Outro que também fez do mandatário cabo eleitoral foi Luan Cardoso (PSD), que disputa assento na Câmara de Picos (PI). Ele gravou vídeo em que agradece a Bolsonaro pelo auxílio emergencial. “A nossa ligação com o governo federal em busca de uma nova Picos”, escreveu.
A Folha procurou todos os candidatos citados nesta reportagem por meio da rede social em que publicaram foto com Bolsonaro, mas eles não responderam.
O presidente já manifestou, em conversas reservadas, receio de associar a sua imagem a candidatos que desconhece. O temor é que, no futuro, eles possam se envolver em escândalos de corrupção, desgastando a imagem de sua gestão.
Antes do início da campanha, Bolsonaro chegou a dizer que manteria neutralidade no primeiro turno. Ele, no entanto, mudou de posição em cidades nas quais considera que há chances reais de seus aliados serem eleitos.
Em sua live semanal, no fim de setembro, por exemplo, ele disse que poderia atuar para influenciar nas disputas em três cidades: São Paulo, Santos (SP) e Manaus. Na capital paulista, ele tem posado ao lado do deputado federal Celso Russomanno (Republicanos), que lidera as pesquisas.

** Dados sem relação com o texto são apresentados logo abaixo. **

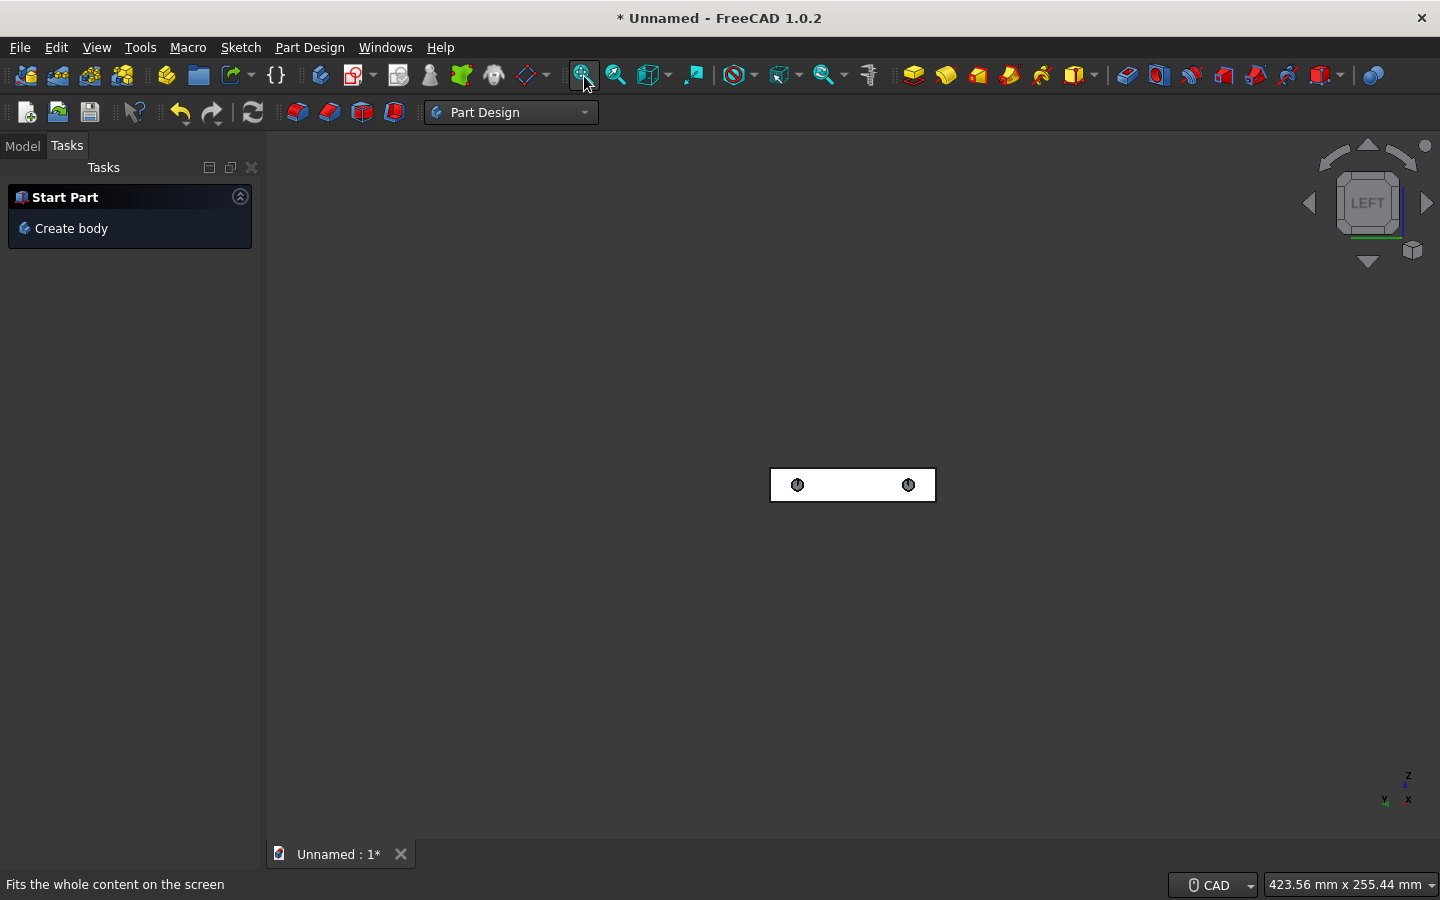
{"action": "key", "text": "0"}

Na porta do Palácio da Alvorada, Bolsonaro também mencionou o nome de um candidato, Coronel Menezes (Patriota), a simpatizantes de Manaus. No Planalto, ele recebeu o desembargador Ivan Sartori (PSD), candidato em Santos (SP).
Na live da última quinta-feira (8), Bolsonaro fez referências a candidatos a prefeito em Belo Horizonte e Fortaleza. Sem citar nomes, deu informações suficientes para identificar Bruno Engler (PRTB), na capital mineira, e Capitão Wagner (PROS), na cearense.
Fez o mesmo com a Coronel Fernanda (Patriota), candidata ao Senado na eleição suplementar que acontecerá em Mato Grosso.
Ele disse ter gravado vídeo para duas candidatas a vereadora de São Paulo. Bolsonaro já gravou também vídeo para Wal do Açaí (Republicanos), sua ex-assessora-fantasma, que concorre a vereadora em Angra dos Reis (RJ).
O presidente afirmou que anunciará quem são seus candidatos duas semanas antes das eleições. O objetivo de Bolsonaro, de acordo com assessores, é garantir que sua campanha à reeleição em 2022 conte com apoios regionais de peso.
A ofensiva também busca não permitir a eleição de candidaturas municipais alinhadas a eventuais postulantes do campo da direita que possam ameaçar sua reeleição, como João Doria (PSDB), Sergio Moro (sem partido) e Luiz Henrique Mandetta (DEM).
Os aliados do presidente apontam que ele já deixou claro que não tomará partido caso os dois favoritos sejam filiados a siglas que apoiam o governo no Congresso. Ele quer evitar um mal-estar em sua base aliada que possa comprometer votações de interesse do Planalto.